## The task
Would you give the number of lines in the entries that contain the word "degrees"? Nothing else is needed.

## Given data

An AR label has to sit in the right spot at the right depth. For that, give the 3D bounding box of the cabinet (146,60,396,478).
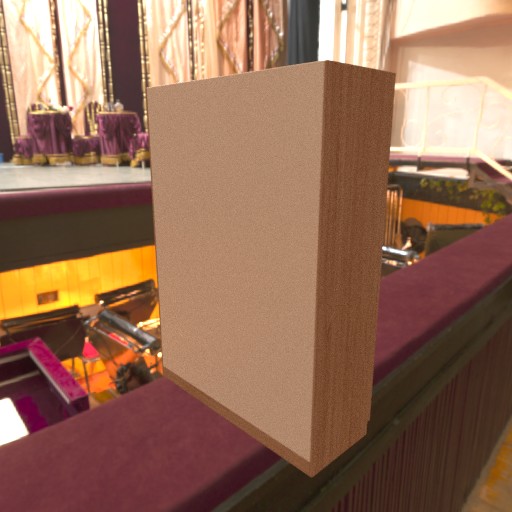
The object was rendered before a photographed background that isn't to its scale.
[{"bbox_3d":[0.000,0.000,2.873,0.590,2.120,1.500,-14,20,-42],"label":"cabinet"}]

--

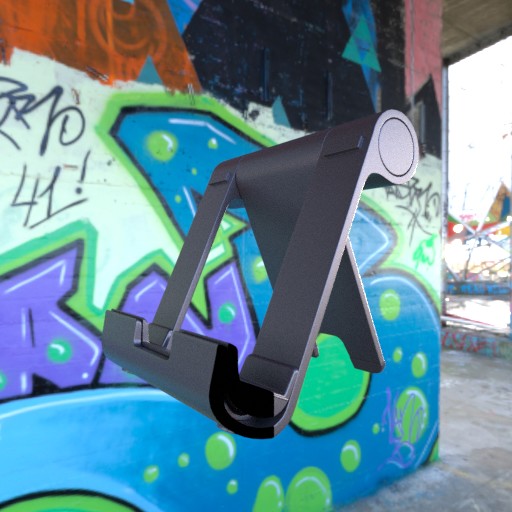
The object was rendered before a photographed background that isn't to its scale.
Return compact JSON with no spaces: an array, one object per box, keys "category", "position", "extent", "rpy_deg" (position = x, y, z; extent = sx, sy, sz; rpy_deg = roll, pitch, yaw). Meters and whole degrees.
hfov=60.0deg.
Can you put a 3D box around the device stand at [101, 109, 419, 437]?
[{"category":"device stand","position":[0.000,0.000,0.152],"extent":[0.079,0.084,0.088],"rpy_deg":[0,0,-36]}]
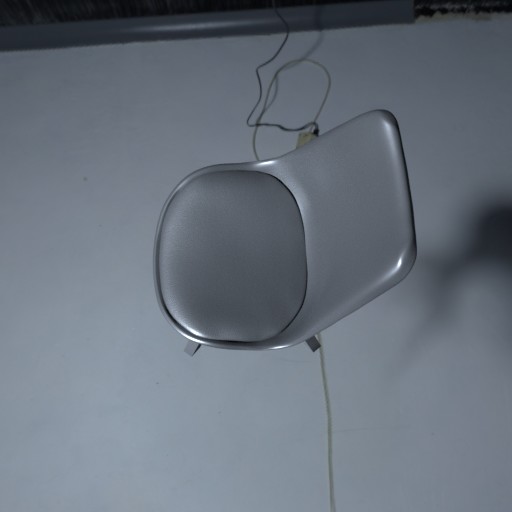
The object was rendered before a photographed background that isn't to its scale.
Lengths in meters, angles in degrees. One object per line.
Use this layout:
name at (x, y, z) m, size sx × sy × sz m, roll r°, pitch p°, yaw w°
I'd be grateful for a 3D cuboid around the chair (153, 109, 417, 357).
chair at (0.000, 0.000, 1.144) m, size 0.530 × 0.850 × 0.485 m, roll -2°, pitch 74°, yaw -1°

## Expected answer
2